Some of the praying villagers watch me as I watch them; a little way off, I’m seated on the roots of an ancient tree.
Into the distance, I gaze at the desert canyons and mountains drawing color from the morning sun.
Screaming from the bowels of the earth. There’s an exorcism happening in the dark chambers of the church. It lasts 15 minutes: her shrieking is torturous.
Two young children have left the praying mass and joined me.
They ask for money. I say “No” a dozen times.
They persist. (Pity, cos I want some peace to reflect on those back home.)

Still, they pester me, and so I wander away to smoke a number, then return to my tree. Still, the priest reads and all listen in silence.
This scene is timeless. The church, the clergy, the clothes of the people.
Sometimes shrouded faces gaze my way.
I smile but don’t want to disturb.
But it can’t be helped.
These kids – especially the cheeky little girl – keep asking for “Something!” I’m a little wary of their demands.
I’ve tried ignoring them, but now decide to play. “Something,” I reply, “okay” – and I hand him a stone and her a twig – “Here’s something.”
Their shrieks and laughter tears across the quiet surrounds. Some worshipers smile; others frown.
But in the end, it’s me who gets something.
They passed chunks of brown bread around the mass.
A lad walks up to me with the basket extended.
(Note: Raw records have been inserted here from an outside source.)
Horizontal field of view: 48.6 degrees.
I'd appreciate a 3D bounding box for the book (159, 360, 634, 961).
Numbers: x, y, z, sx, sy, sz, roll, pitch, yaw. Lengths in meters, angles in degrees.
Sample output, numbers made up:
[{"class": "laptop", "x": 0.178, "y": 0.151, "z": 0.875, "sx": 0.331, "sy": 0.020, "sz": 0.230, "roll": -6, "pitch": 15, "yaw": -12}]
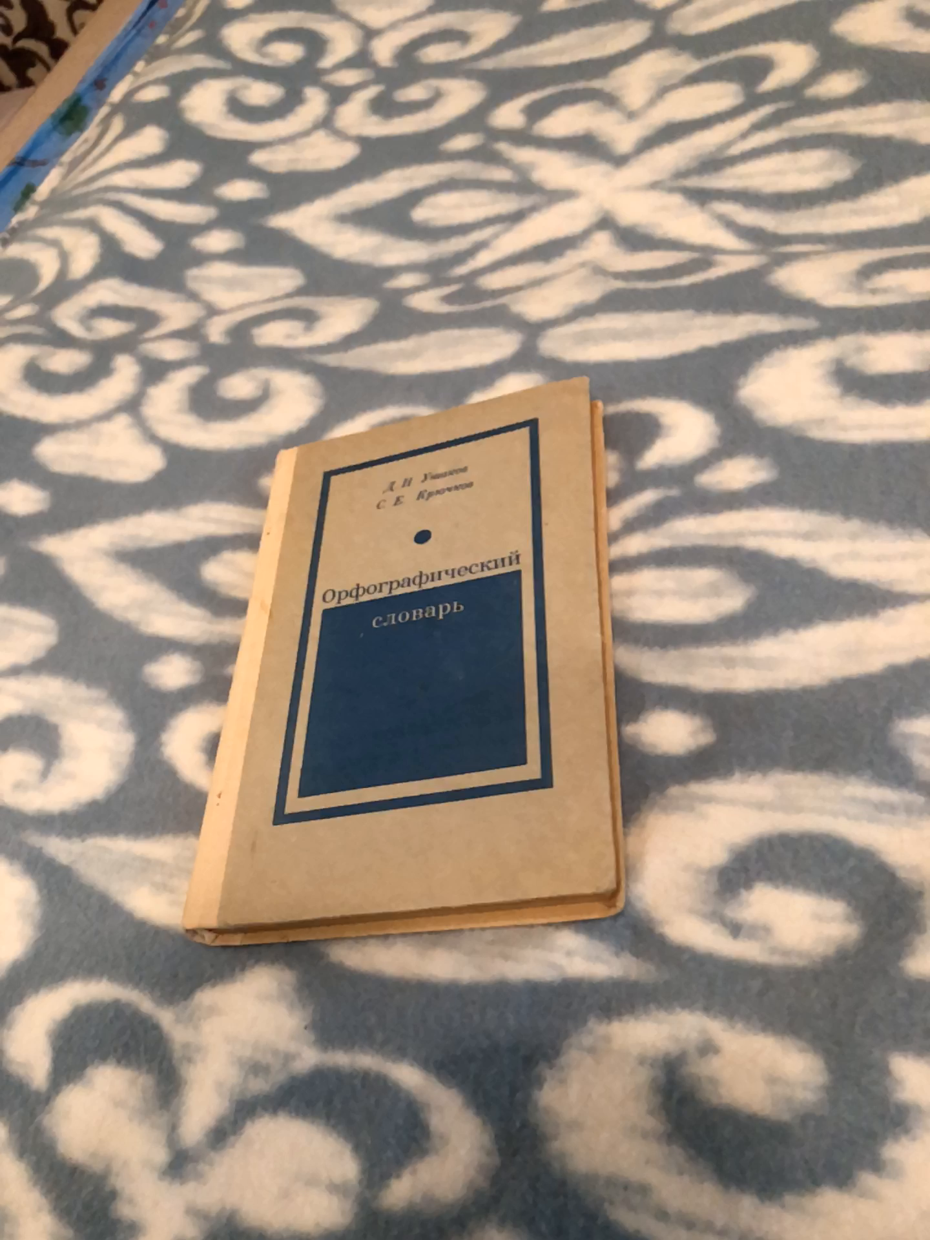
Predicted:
[{"class": "book", "x": -0.018, "y": 0.004, "z": 0.355, "sx": 0.137, "sy": 0.022, "sz": 0.211, "roll": -10, "pitch": 51, "yaw": 17}]
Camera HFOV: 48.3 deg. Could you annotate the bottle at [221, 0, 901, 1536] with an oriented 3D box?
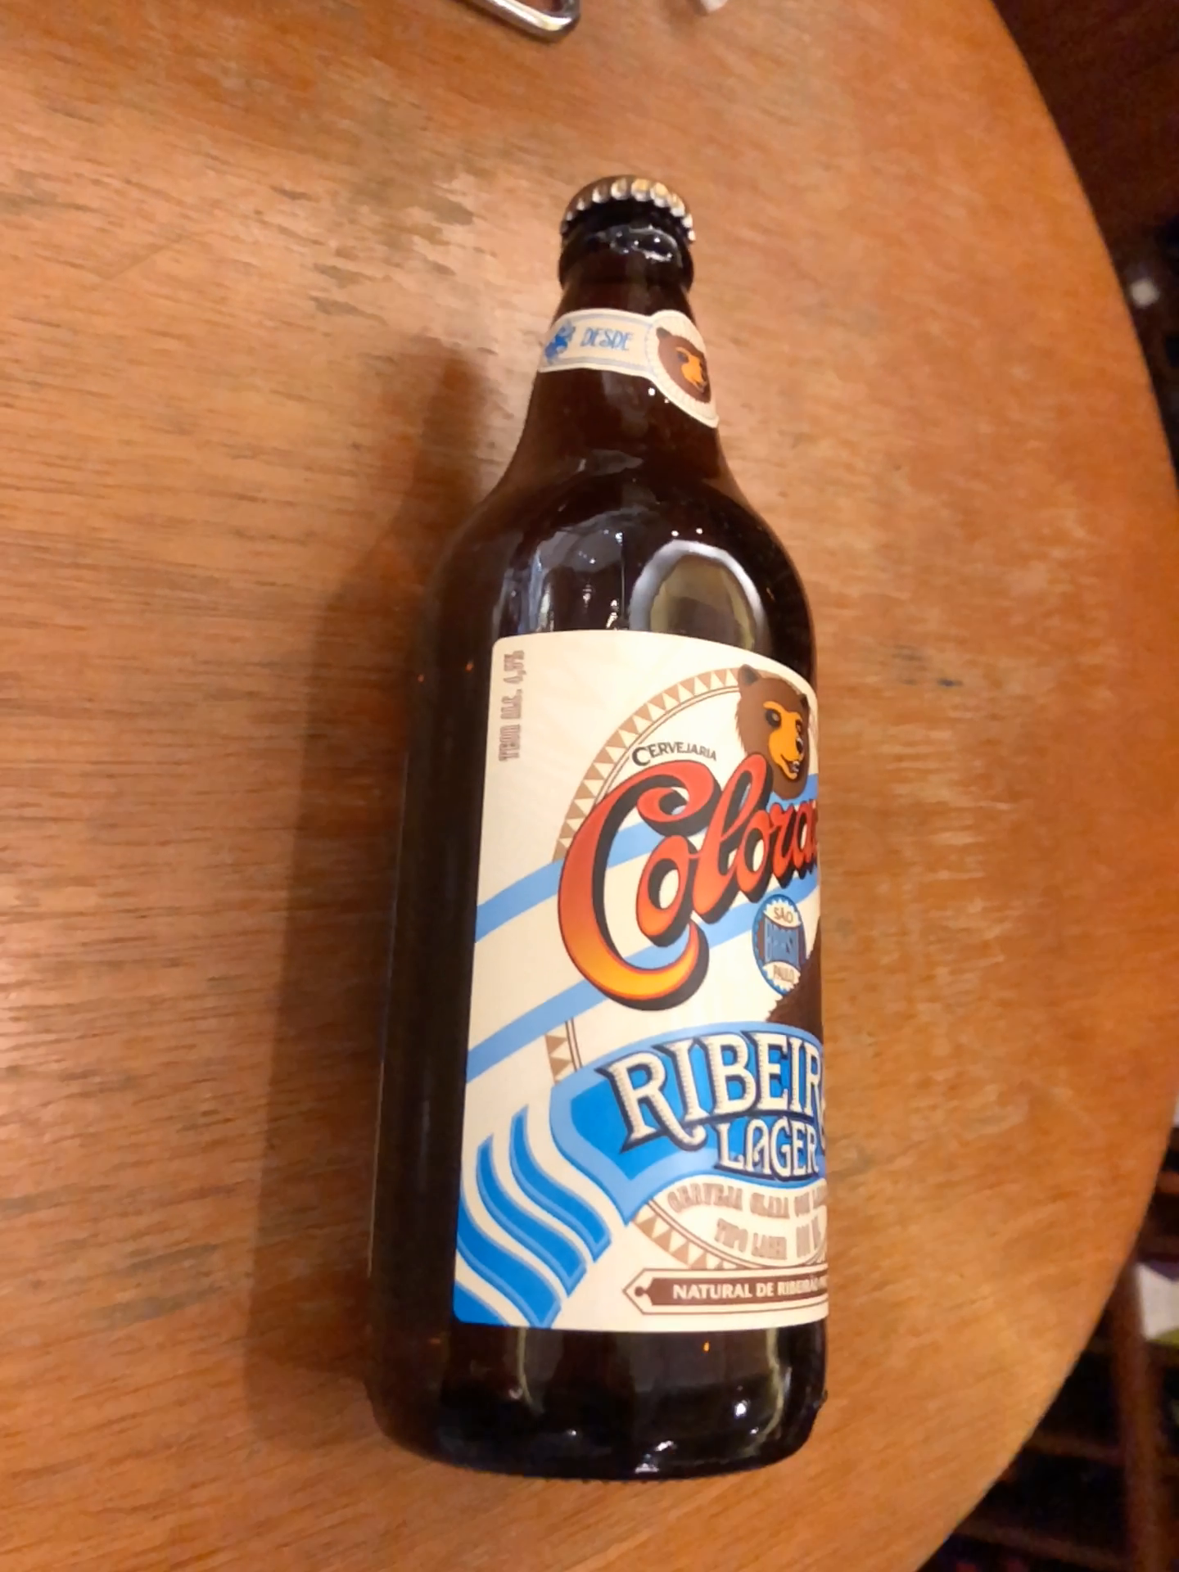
[{"bbox_3d":[0.001,-0.020,0.244,0.090,0.060,0.260,14,70,-36],"label":"bottle"}]
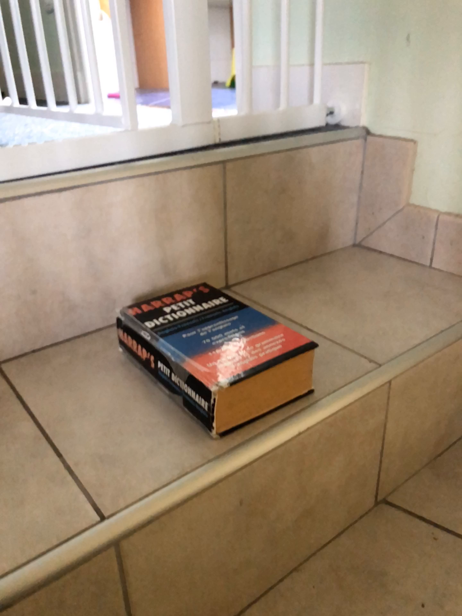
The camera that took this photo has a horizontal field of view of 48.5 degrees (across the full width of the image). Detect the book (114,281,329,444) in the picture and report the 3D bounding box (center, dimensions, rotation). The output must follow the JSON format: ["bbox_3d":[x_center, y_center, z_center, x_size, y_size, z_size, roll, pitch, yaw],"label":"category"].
[{"bbox_3d":[-0.015,0.038,0.496,0.118,0.050,0.185,-19,30,-32],"label":"book"}]

I’m part of their Sunday, and they’re part of my Christmas.
The service finishes with blessings – the priest’s wooden cross placed against foreheads, cheeks and then the lips of those that wait.
It takes a while for mothers and their babies, old ladies and men to get their dose.

And me, I stare at the elaborately carved living-rock standing symbolically of this world … and I feel I’ve been there, back some centuries.
Back with the hymns of the soft-spoken priest, away with the crowing of ravens, drifting back in time with the wind amid the murmuring of prayer.